Calculating Rigidity Modulus Using Torsional Couple Equation

[easwar2641993]

A Circular bar 1m long and of 8mm diameter is rigidly clamped at one end in a vertical position. A couple of magnitude of 2.5Nm is applied at the other end. As a result, a mirror fixed at this end deflects a spot of light by 15cm on a scale 1m away. Calculate the rigidity modulus of the bar?
Torque,ζ=(∏n[r][/4]∅)/2l where r is the radius of the rod,l is length,n is the rigidity modulus,∅is the angle of twist.

Applying given values in equation
=>n=4.1*10 raised to 10 N/m square

But the answer provided by this question is 8.3*10 raised to 10 N/m square.

Similarly another problem using same equation

Two cylinders P and Q of radii in the ratio 1:2 are soldered co axially.
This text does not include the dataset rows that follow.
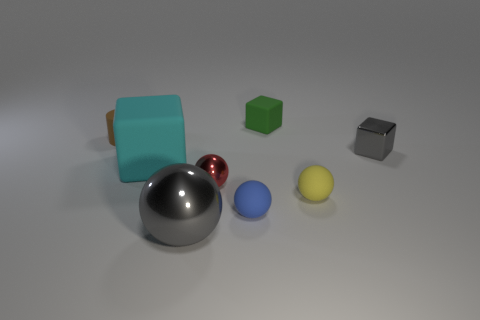How many metal objects are either gray objects or small balls?
Your response must be concise. 3. There is a tiny thing to the right of the small sphere that is on the right side of the small block behind the tiny brown rubber object; what is its material?
Provide a short and direct response. Metal. There is a gray object that is behind the rubber cube in front of the gray block; what is its material?
Your answer should be very brief. Metal. Do the gray metallic thing that is right of the big gray sphere and the rubber block behind the tiny gray shiny object have the same size?
Make the answer very short. Yes. What number of large things are brown cylinders or spheres?
Keep it short and to the point. 1. What number of things are either gray metal things on the right side of the small red object or blue rubber objects?
Offer a terse response. 2. Is the color of the big ball the same as the tiny metal block?
Your response must be concise. Yes. What number of other things are the same shape as the red thing?
Keep it short and to the point. 3. How many blue things are tiny matte cubes or big balls?
Provide a succinct answer. 0. What is the color of the cylinder that is the same material as the green object?
Ensure brevity in your answer.  Brown. 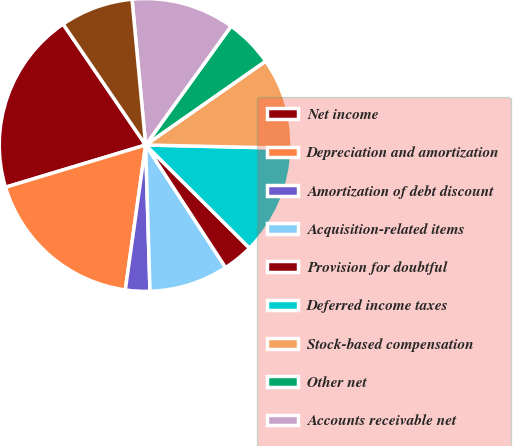<chart> <loc_0><loc_0><loc_500><loc_500><pie_chart><fcel>Net income<fcel>Depreciation and amortization<fcel>Amortization of debt discount<fcel>Acquisition-related items<fcel>Provision for doubtful<fcel>Deferred income taxes<fcel>Stock-based compensation<fcel>Other net<fcel>Accounts receivable net<fcel>Inventories<nl><fcel>20.13%<fcel>18.12%<fcel>2.69%<fcel>8.73%<fcel>3.36%<fcel>12.08%<fcel>10.07%<fcel>5.37%<fcel>11.41%<fcel>8.05%<nl></chart> 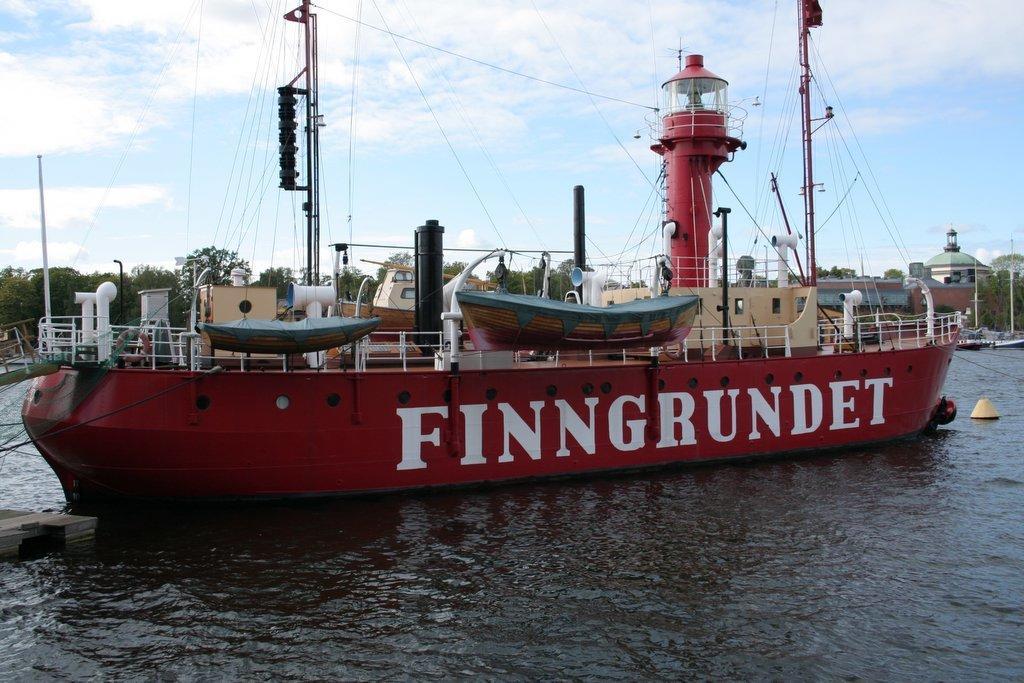In one or two sentences, can you explain what this image depicts? Here we can see a ship on the water and we can see poles with strings. Background we can see trees and sky.

The free end of P is clamped and the free end of B is twisted by an angle of 17 degree. Determine the twist at the junction,if the cylinders are of the same length and made of the same material?

The answer I got is 17*16,i.e twist=272 degree.

But here also answer provided is wrong from my point of view.It is given only 16 degree.

If I have made any mistake,kindly correct me with explanation.

 

[CWatters]

Just a guess but did you use the diameter instead of the radius? I've not checked if that's the case. Perhaps show your working.

 

[easwar2641993]

Just a guess but did you use the diameter instead of the radius? I've not checked if that's the case. Perhaps show your working.

No .I used radius.

2.5Nm = (∏*n*(4*10 raised to -3)raised to 4*15*10 raised to -2)/2
i.e n = (2.5*2)/(∏*(4*10 raised to -3)raised to 4*15*10 raised to -2)
=>n=4.14*10 raised to 10 N/m square.

This is the answer for 1st question.

For the second.
Let the radius of P be r.Hence from the given ration,the radius of Q will be 2r.Given that length,rigidity modulus,length of both cylinders are EQUAL.Also for this case Torque,ζ is same for 2 cylinders.
For the first cylinder Q,
ζ/∅(q)=(∏n(2r)raised to 4)/2l
ζ/∅(q)=(16∏n(r)raised to 4)/2l ->equation(1) ; {∅(q) is the angle of twist of the cylinder Q}

For the second cylinder P,
ζ/∅(p)=(∏n(r)raised to 4)/2l ->equation(2) ; {∅(p) is the angle of twist of the cylinder P}

From equations (1) & (2),we have

ζ/∅(q)=16* ζ/∅(p)
But ∅(q) = 17 degree,it is given.And cancelling ζ on both sides
1/17=16/∅(p)

i.e ∅(p)=17*16=272 degree.

If there is anything to clear let me know.And if there is any mistake in my calculations or answers provided by the questions are wrong,then kindly inform me.

 

[CWatters]

Perhaps it's me but I'm having a hard time understanding where this equation came from and what is raised to what power..

Torque,ζ=(∏n[r][/4]∅)/2l

How did you get that and can you use the "go advanced" button. Let's you add superscripts.

 

[easwar2641993]

Perhaps it's me but I'm having a hard time understanding where this equation came from and what is raised to what power..



How did you get that and can you use the "go advanced" button. Let's you add superscripts.

Actually I have no idea how to raise terms to some power here.But I will repeat that
ζ=(∏*n*r raised to 4*∅)/2l
where ζ is the torque acting on the body,∏ is pie or 3.14,n is the Rigidity modulus of the material of the cylinder,r is the radius of it,∅ is the angle of twist,and l is the length of the cylinder.
Actually this is the equation of Torsional Couple. I don't know whether this problem should be posted on "Advanced Section" of this forum.By the way I am undergraduate Physics student.